▸ PROBLEM DETAILS: Repeat exactly the lines that run from the start of the records below to the line with "Answer: $5,000 per", including both of those lines but not the pictures.

☆ ☆ ☆ ☆ ☆ ☆ ☆

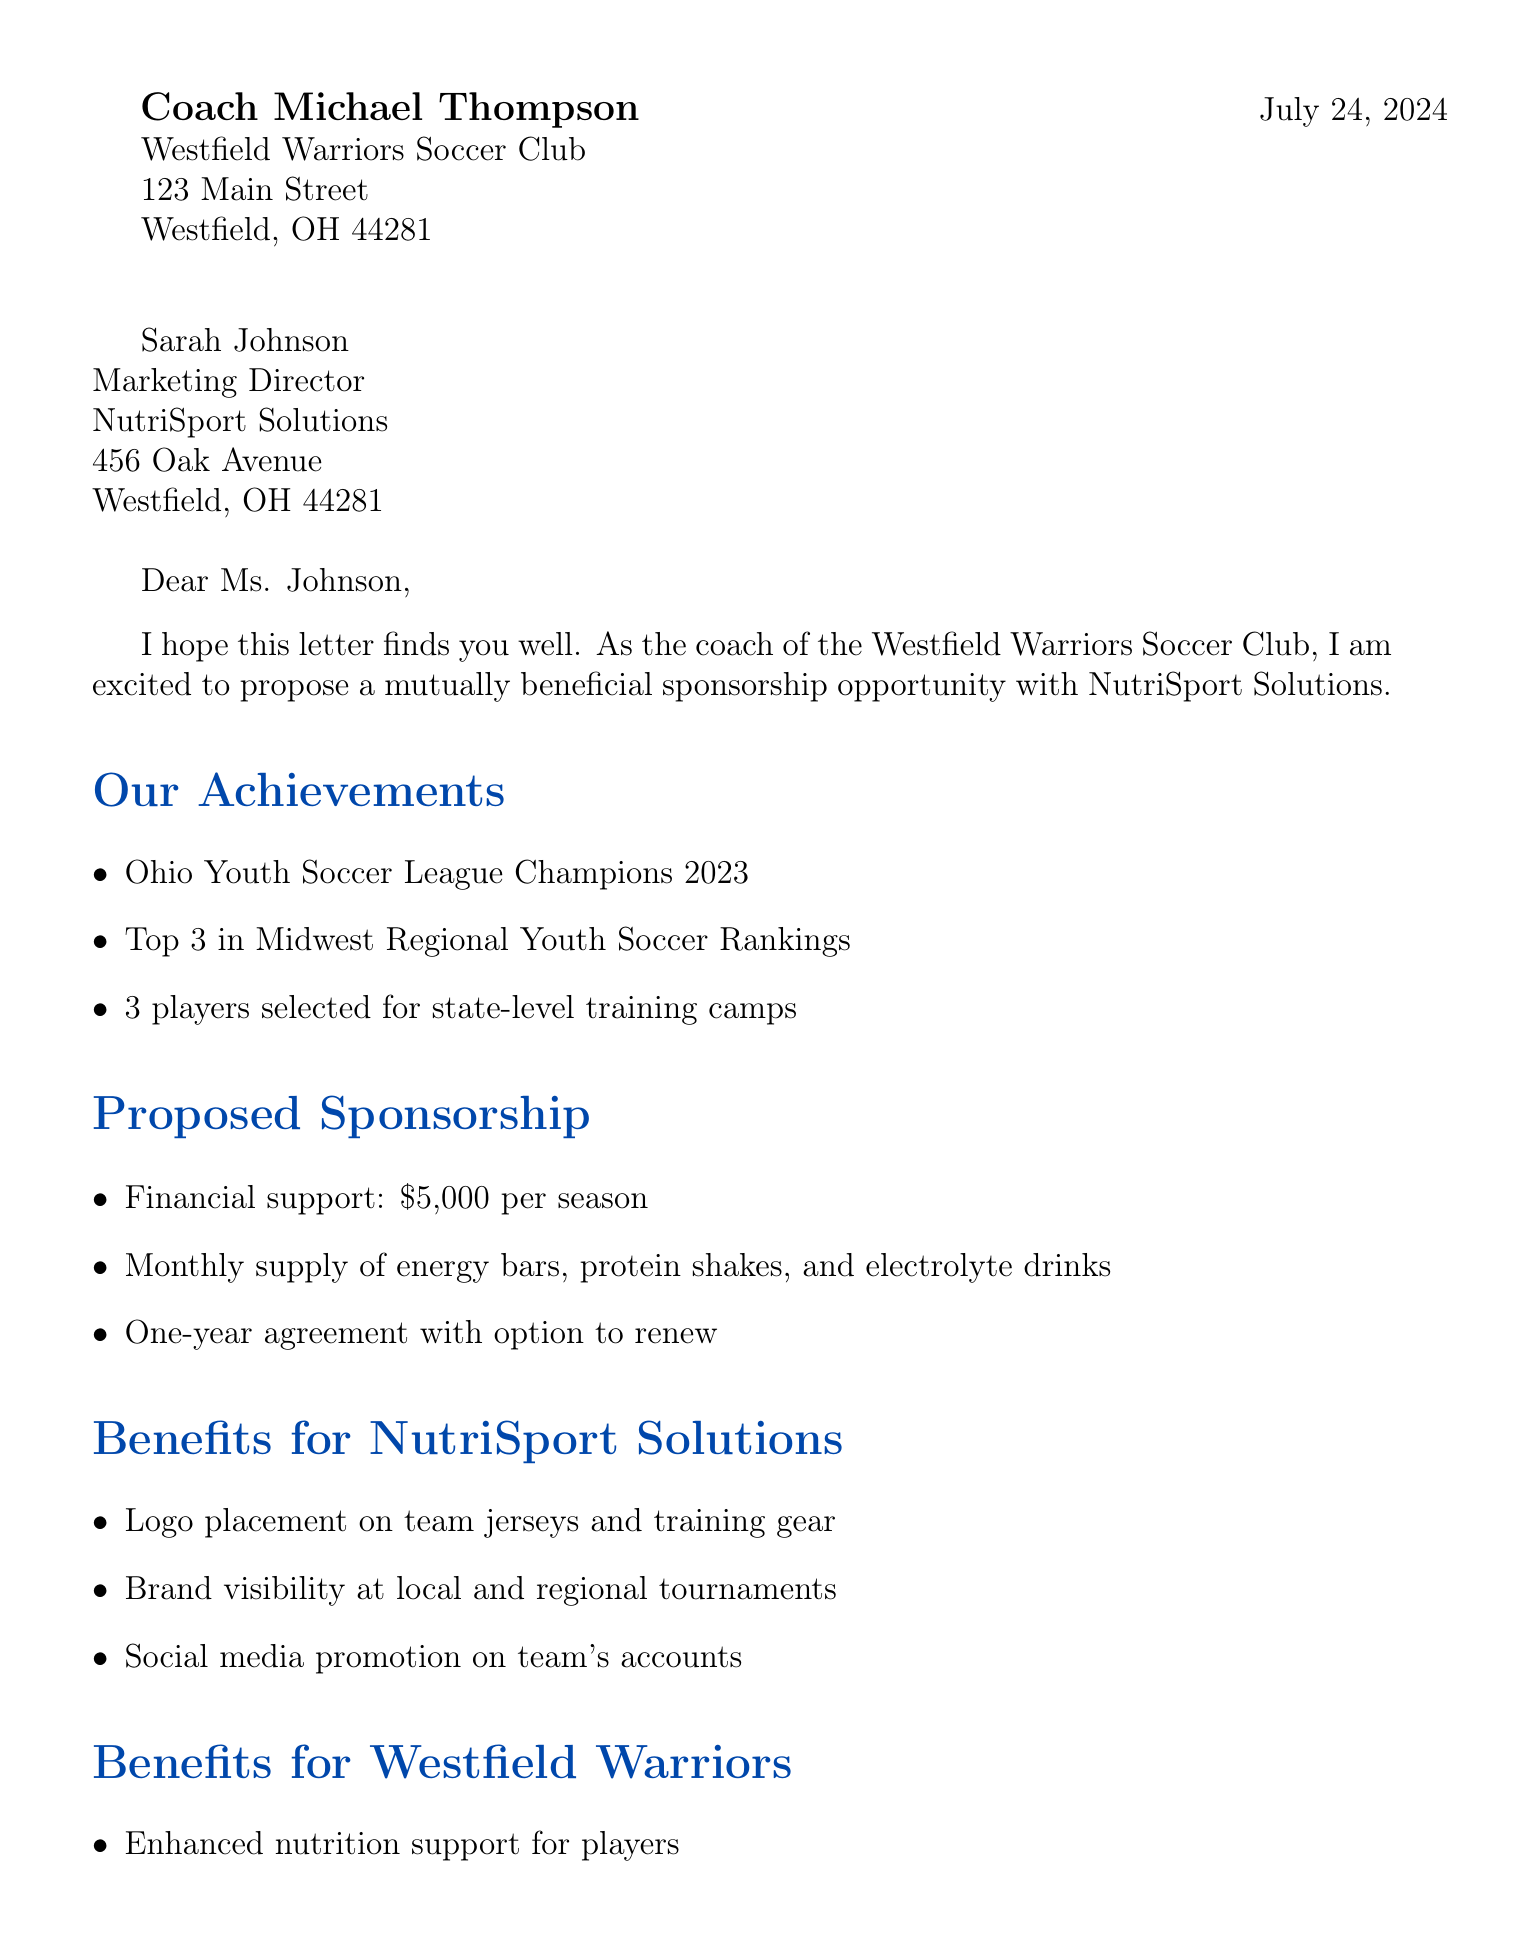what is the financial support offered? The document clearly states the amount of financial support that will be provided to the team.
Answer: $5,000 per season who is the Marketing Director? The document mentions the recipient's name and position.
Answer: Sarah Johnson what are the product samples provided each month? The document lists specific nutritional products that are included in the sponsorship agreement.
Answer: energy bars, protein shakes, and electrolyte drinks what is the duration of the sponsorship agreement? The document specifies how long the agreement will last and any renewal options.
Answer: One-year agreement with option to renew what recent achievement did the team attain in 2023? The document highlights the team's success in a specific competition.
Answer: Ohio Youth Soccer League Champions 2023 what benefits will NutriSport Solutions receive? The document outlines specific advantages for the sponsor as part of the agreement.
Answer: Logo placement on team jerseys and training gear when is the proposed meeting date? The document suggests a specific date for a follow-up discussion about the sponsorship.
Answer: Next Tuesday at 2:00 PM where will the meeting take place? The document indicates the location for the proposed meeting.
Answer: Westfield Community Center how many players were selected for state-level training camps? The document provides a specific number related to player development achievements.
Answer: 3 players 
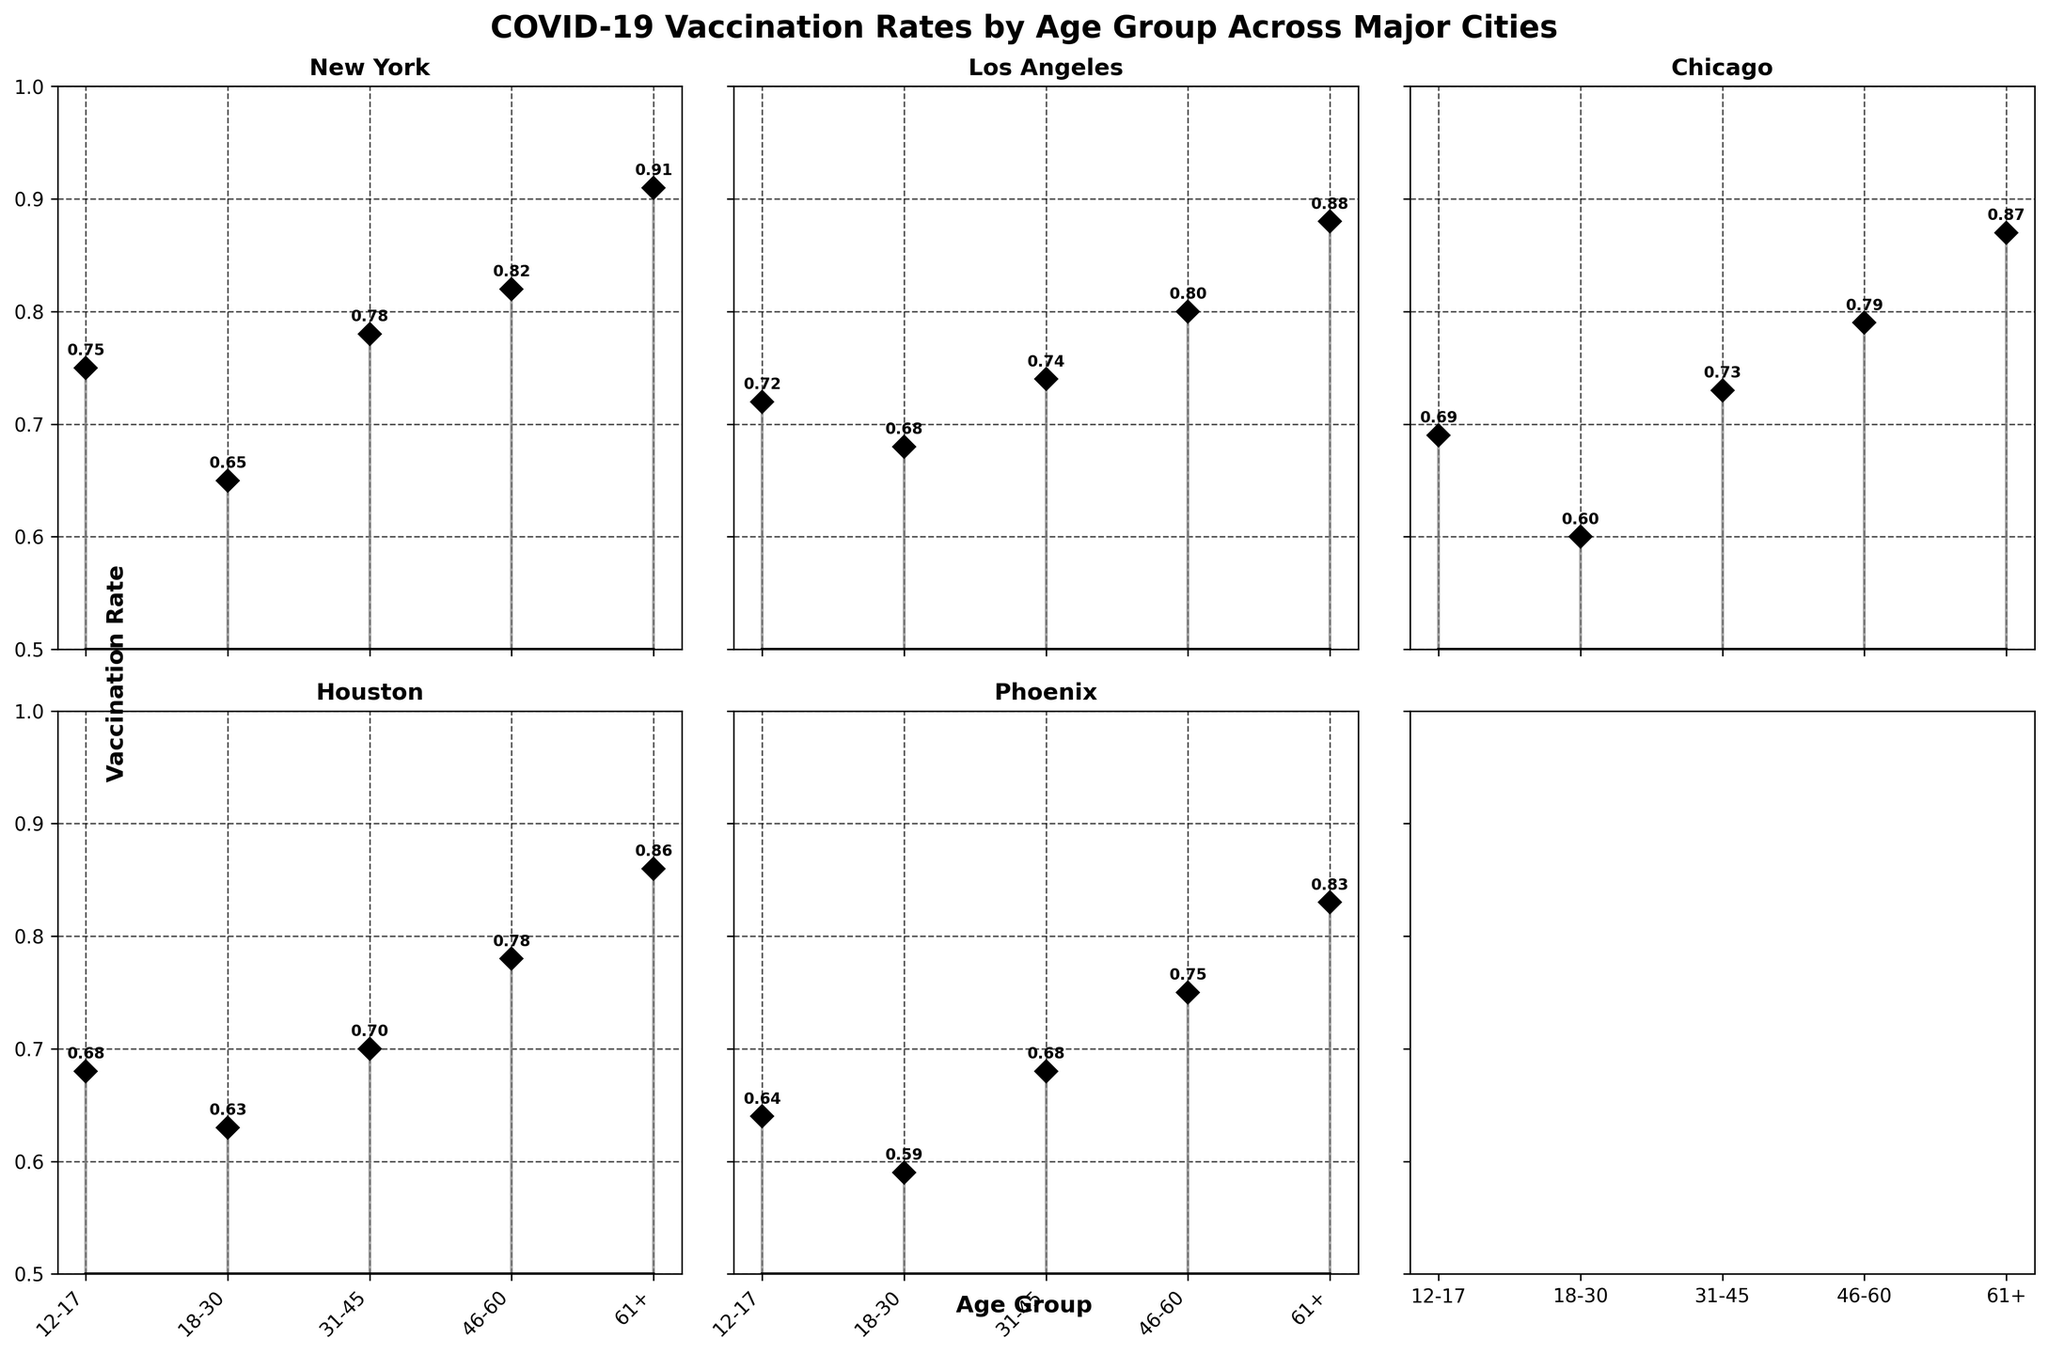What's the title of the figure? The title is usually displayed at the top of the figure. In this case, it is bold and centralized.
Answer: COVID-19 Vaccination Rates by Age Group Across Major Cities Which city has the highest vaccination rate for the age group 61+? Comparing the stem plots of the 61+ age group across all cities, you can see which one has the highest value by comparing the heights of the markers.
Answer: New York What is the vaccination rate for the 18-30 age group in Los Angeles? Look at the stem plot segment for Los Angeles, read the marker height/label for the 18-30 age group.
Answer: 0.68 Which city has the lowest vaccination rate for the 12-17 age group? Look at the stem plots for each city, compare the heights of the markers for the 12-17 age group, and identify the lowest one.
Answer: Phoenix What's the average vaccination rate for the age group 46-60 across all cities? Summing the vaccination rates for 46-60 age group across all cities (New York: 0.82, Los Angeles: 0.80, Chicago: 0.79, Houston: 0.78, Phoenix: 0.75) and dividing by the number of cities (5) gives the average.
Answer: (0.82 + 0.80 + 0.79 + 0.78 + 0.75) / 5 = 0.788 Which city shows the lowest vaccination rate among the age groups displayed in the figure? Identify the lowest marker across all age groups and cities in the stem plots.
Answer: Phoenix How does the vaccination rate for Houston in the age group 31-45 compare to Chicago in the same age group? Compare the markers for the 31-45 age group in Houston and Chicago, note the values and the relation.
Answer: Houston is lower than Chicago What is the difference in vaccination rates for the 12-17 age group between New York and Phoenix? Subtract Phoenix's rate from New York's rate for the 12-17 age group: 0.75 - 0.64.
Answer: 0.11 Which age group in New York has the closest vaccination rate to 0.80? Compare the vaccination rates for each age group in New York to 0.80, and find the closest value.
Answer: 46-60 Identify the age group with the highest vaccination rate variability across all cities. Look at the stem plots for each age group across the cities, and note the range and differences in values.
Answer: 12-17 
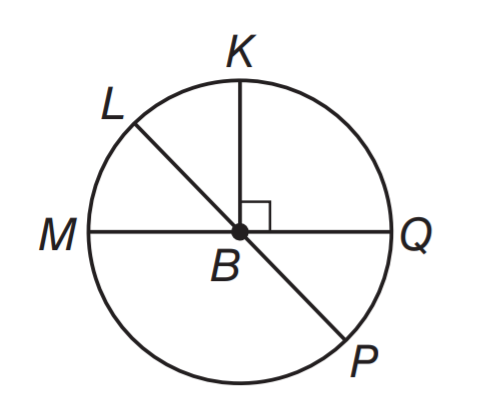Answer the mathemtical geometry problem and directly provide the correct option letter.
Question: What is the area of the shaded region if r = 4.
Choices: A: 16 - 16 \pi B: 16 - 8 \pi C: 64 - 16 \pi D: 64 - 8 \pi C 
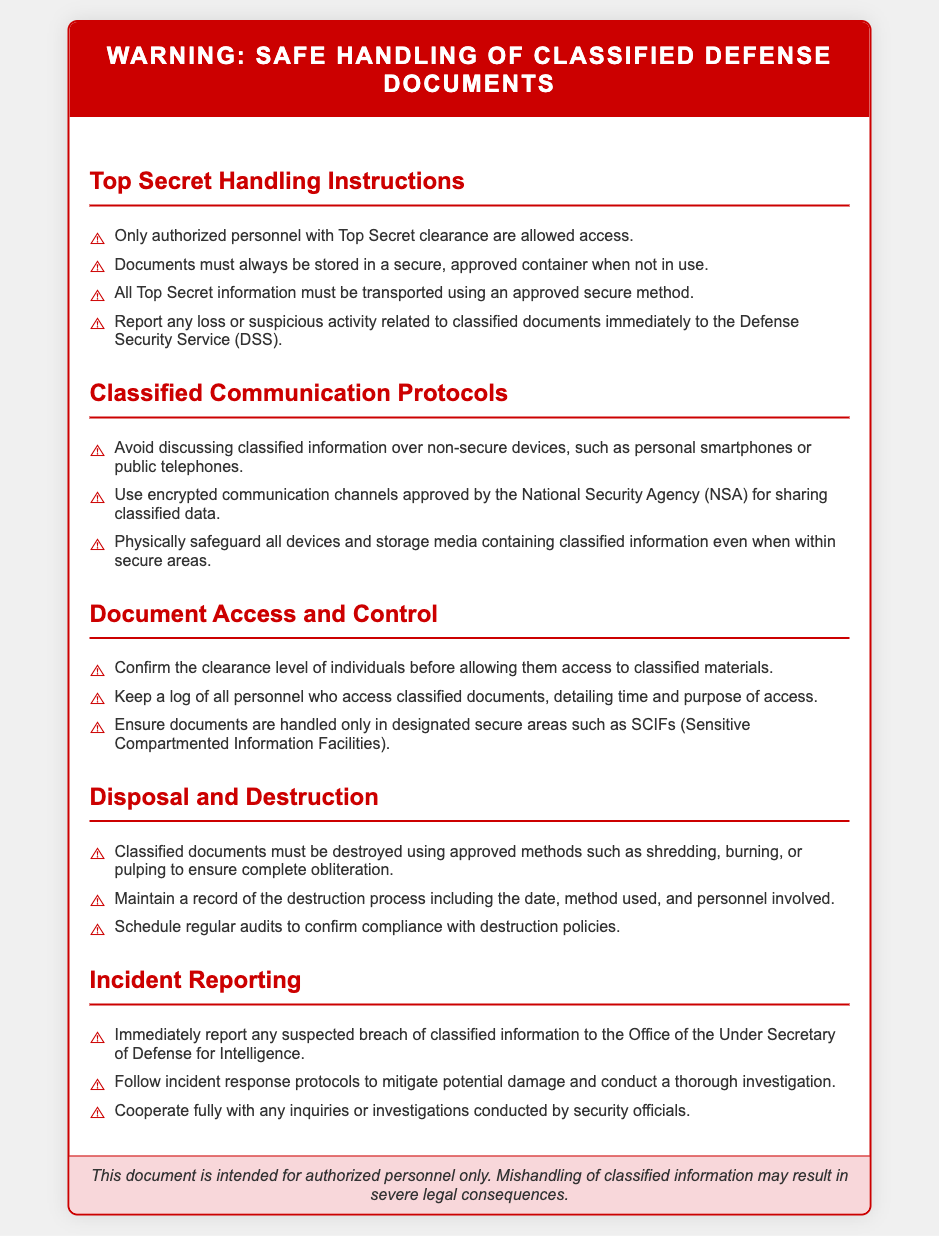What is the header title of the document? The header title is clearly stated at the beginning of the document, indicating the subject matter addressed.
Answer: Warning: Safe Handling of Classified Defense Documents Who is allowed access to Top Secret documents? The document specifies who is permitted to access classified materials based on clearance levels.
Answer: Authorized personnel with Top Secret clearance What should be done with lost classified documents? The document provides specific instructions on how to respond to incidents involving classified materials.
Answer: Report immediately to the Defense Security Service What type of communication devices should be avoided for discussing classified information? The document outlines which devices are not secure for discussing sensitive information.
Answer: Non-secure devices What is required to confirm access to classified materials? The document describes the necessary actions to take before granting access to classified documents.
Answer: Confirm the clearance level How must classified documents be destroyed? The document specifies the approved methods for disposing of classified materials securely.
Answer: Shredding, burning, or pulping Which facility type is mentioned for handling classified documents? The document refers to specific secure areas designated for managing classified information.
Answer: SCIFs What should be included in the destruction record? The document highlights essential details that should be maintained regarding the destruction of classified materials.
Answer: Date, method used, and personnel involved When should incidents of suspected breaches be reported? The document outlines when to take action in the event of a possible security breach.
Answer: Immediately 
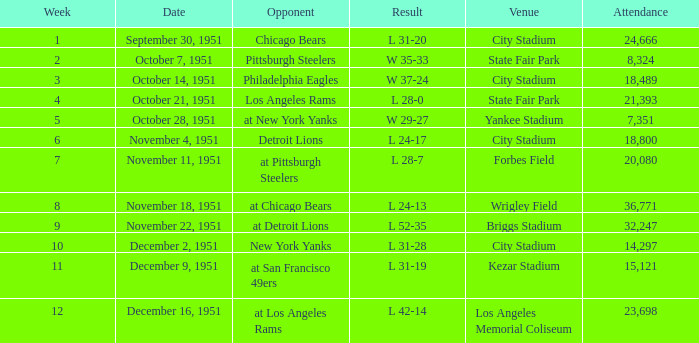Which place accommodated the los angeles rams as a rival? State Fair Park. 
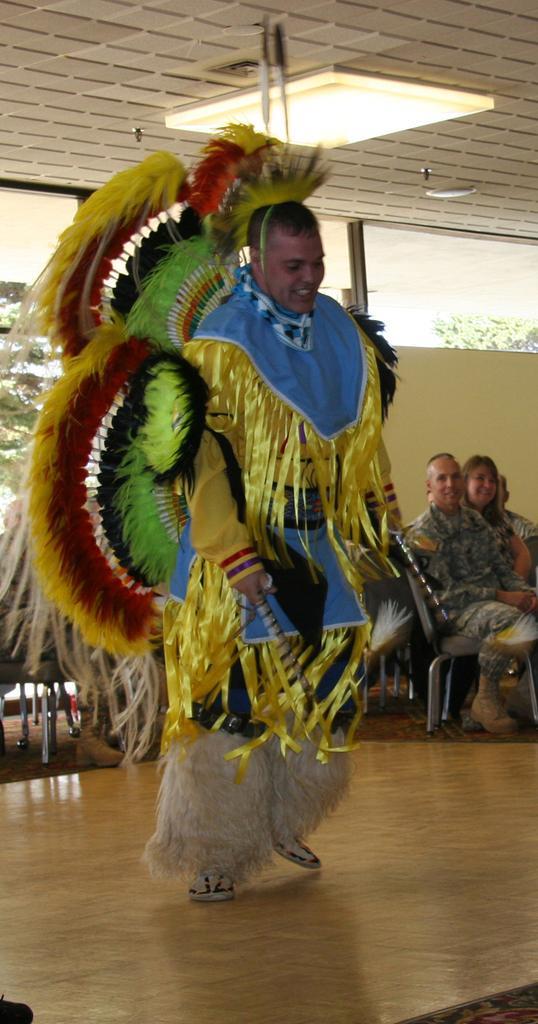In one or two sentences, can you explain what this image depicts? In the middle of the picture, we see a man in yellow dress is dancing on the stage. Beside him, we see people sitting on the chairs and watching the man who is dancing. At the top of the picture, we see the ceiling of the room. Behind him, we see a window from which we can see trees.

☆ ☆ ☆ ☆ ☆ ☆ ☆

▸ RESULT:
what is the financial support offered? The document clearly states the amount of financial support that will be provided to the team.
Answer: $5,000 per season who is the Marketing Director? The document mentions the recipient's name and position.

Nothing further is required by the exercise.